Depois da publicação do comunicado, quando Amaro chega na casa da Joaneira, é surpreendido por uma reunião de padres apavorados. Ao invés de se envergonharem das atitudes, a reação dos padres é de revolta com quem expôs os defeitos. A máxima daquela sociedade é a hipocrisia. Tudo bem as coisas acontecerem, só não podia se falar a respeito. Os padres são mostrados com os defeitos que eles deviam saber reprimir. São vingativos, rancorosos. E o pior é que não ficam com vergonha do que foi escrito no jornal no sentido de mudar de comportamento, só querem saber quem foi que escreveu e se vingar. 
A Joaneira é super astuta. Destorce as palavras de João Eduardo pra Amélia, dizendo que ele ficou preocupado com o falatório do que saiu no jornal. Mas que nada, se foi ele mesmo que escreveu. Diz que, no lugar da filha, casaria logo. E pro João Eduardo diz que Amélia gosta muito dele, sabendo que a guria não liga pro escrevente. Quer dizer, Joaneira entendeu muito bem a indireta do comunicado, porque ela vê o que acontece ali na casa dela. 
Convencida pela mãe a casar, Amélia escreve para João Eduardo. E que diferença da carta que faz pra Amaro. Pro noivo ela começa como “senhor”, pro padre é “meu adorado”. Amélia teve uma ideia de fugirem, mudarem de cidade, começar vida nova. Será que Amaro aceitaria? Como ela é muito infantil, pensa que a grande dificuldade seria tirar o baú de roupas de casa escondida da mãe. O narrador diz que Amélia tem um cérebro de beatas, e sendo assim só encontra soluções devotas.

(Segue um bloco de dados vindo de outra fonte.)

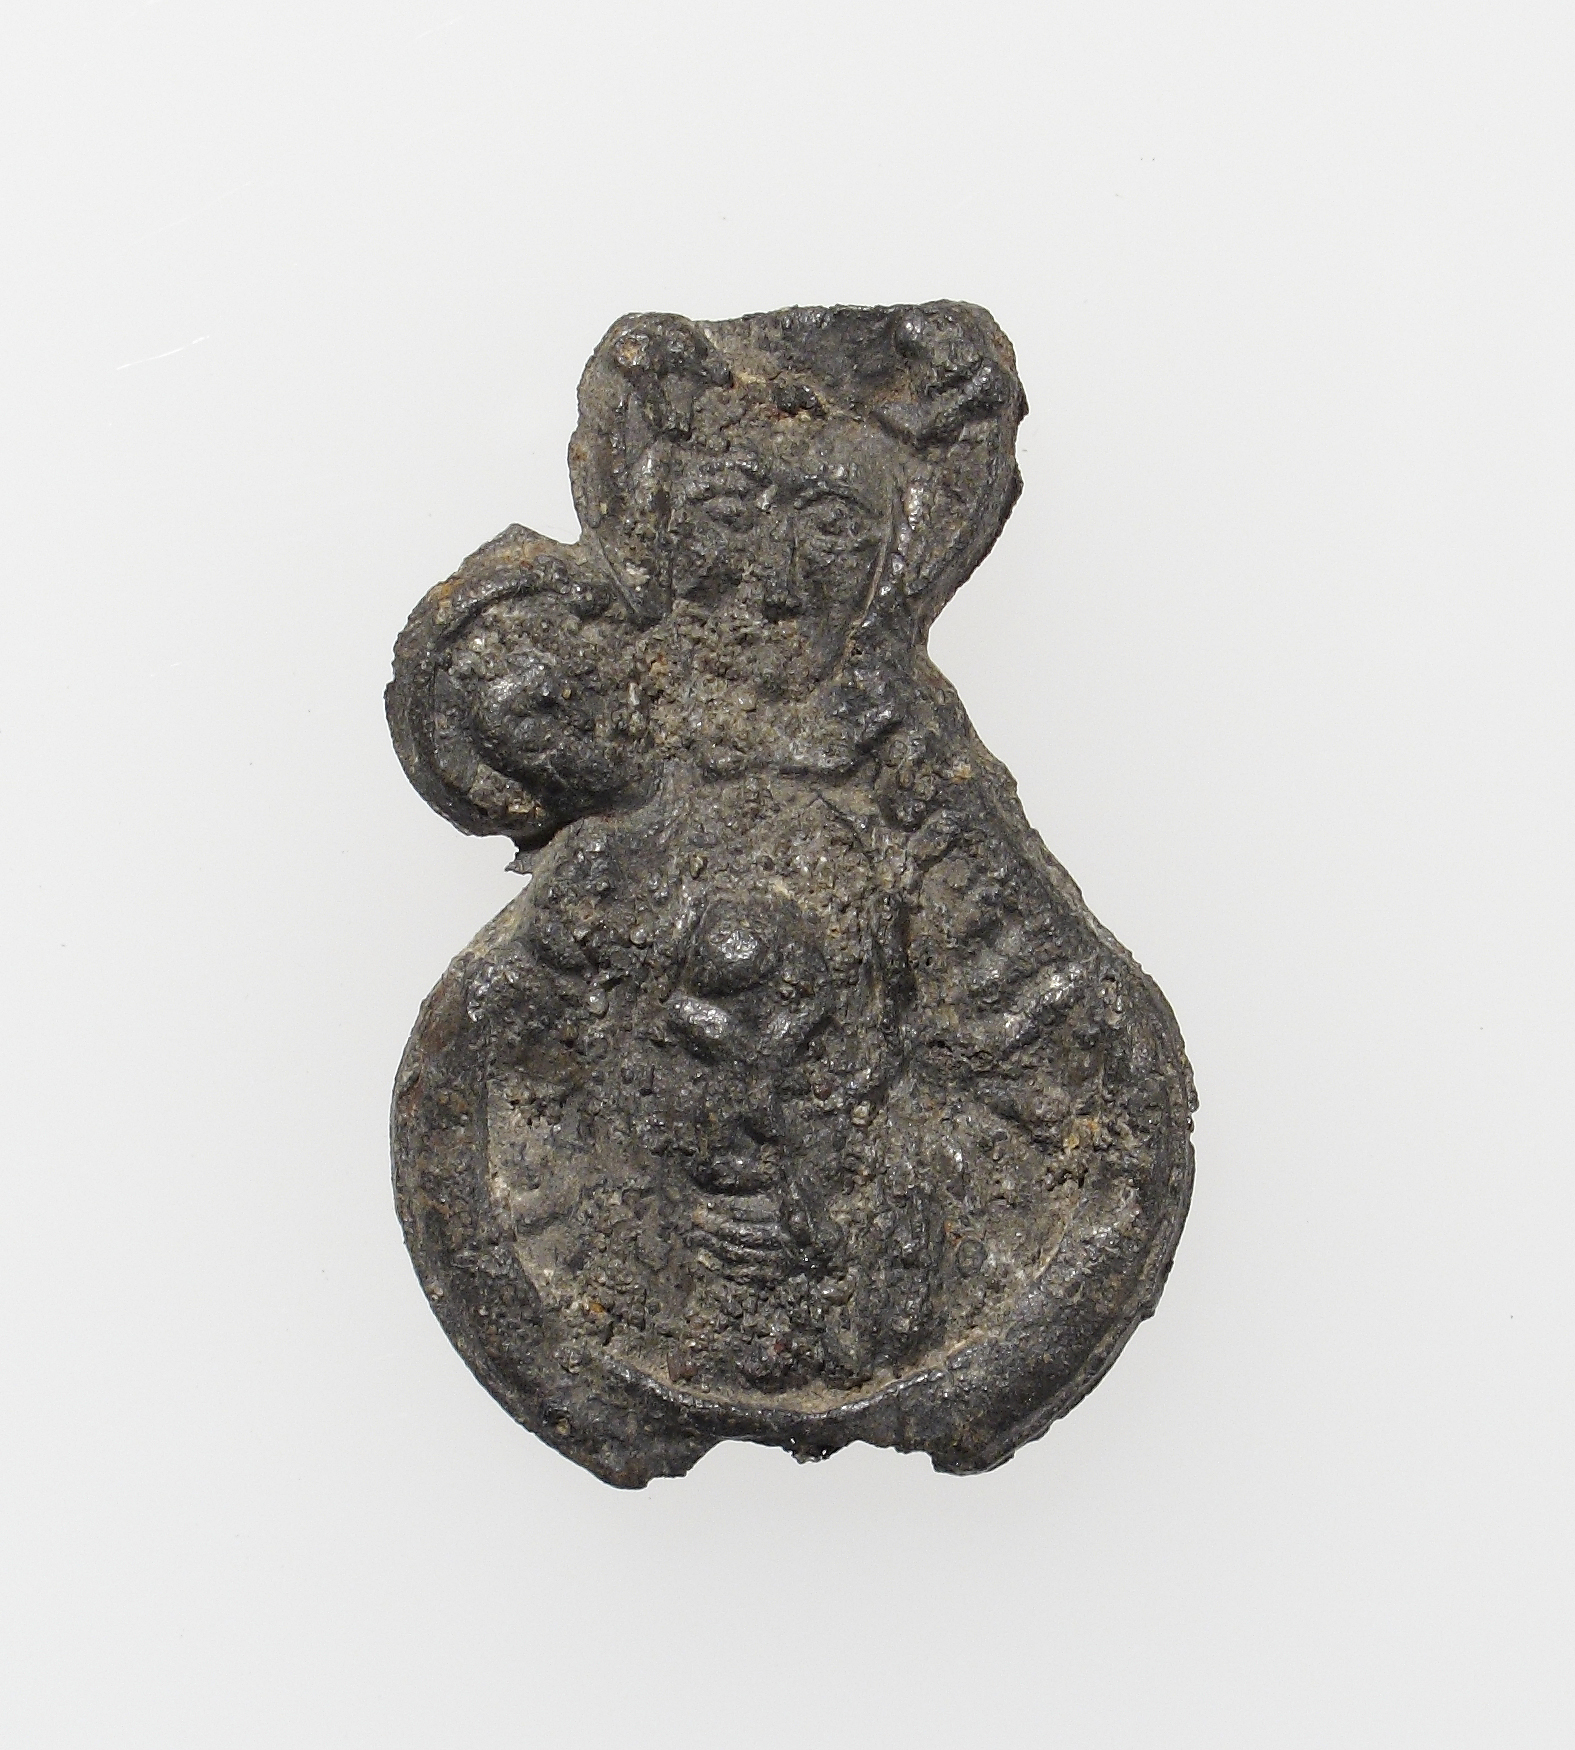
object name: pilgrim's badge
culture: french
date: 1301-1600
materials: lead
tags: madonna and child

O secretário geral é o representante do racionalismo, defende a liberdade de imprensa. As luzes que ele fala fazem referência ao Iluminismo, movimento intelectual e filosófico que aconteceu na Europa, no século XVIII. O Iluminismo enaltece a razão e diminui o poder da religião. A ironia dele em dizer que a liberdade de imprensa é um princípio tão sagrado que nem as leis da imprensa o permitem. Com isso ele coloca a imprensa, a liberdade de expressão, como lei maior. Enquanto isso, o padre Natário, que foi falar com ele, representa a inquisição, o passado feudal, medieval, quando a igreja exercia poder de decretar a morte dos hereges, mandava nas pessoas e em todas as instituições. Com esse fragmento, sabemos que o tempo da narrativa é um momento de perda de força da igreja, é um momento de transição para um pensamento guiado pela razão, pela ciência, até porque as ordens religiosas estão definhando na própria corrupção. E aí, sem a concordância do secretário em banir o jornal, o padre ameaça com a retirada da ajuda nas eleições, usando a sua influência junto aos católicos como moeda de troca. Um padre devia ter como prioridade a orientação espiritual da comunidade que atende, mas nesse romance os padres usam da influência que possuem para manipular e barganhar com os políticos, em causa própria. Mas aí ele se dá muito mal porque o secretário tá mais interessado nos ideias iluministas do que na meia dúzia de votinhos que os padres arrancam das beatas. Na verdade, no que o secretário se assegura é nas relações entre os atores sociais da política, que só são oposição para o público, mas que se acertam nos bastidores, sempre saem ganhando. O médico Godinho, por exemplo, é oposição aos padres, mas acha que religião é uma coisa boa pras mulheres. O que será que isso significa, quando um líder político diz que é bom que as mulheres tenham a religião pra se entreter, sendo que ele não vê grandiosidade na religião, não tem fé? Isso dá uma ideia de como as mulheres eram manipuladas, tidas como inferiores, que deviam passar tempo na bobice da religião, enquanto aos homens caberiam os assuntos sérios, a política, o regimento da sociedade real. Mal sabem o talento pra diplomacia da Joaneira!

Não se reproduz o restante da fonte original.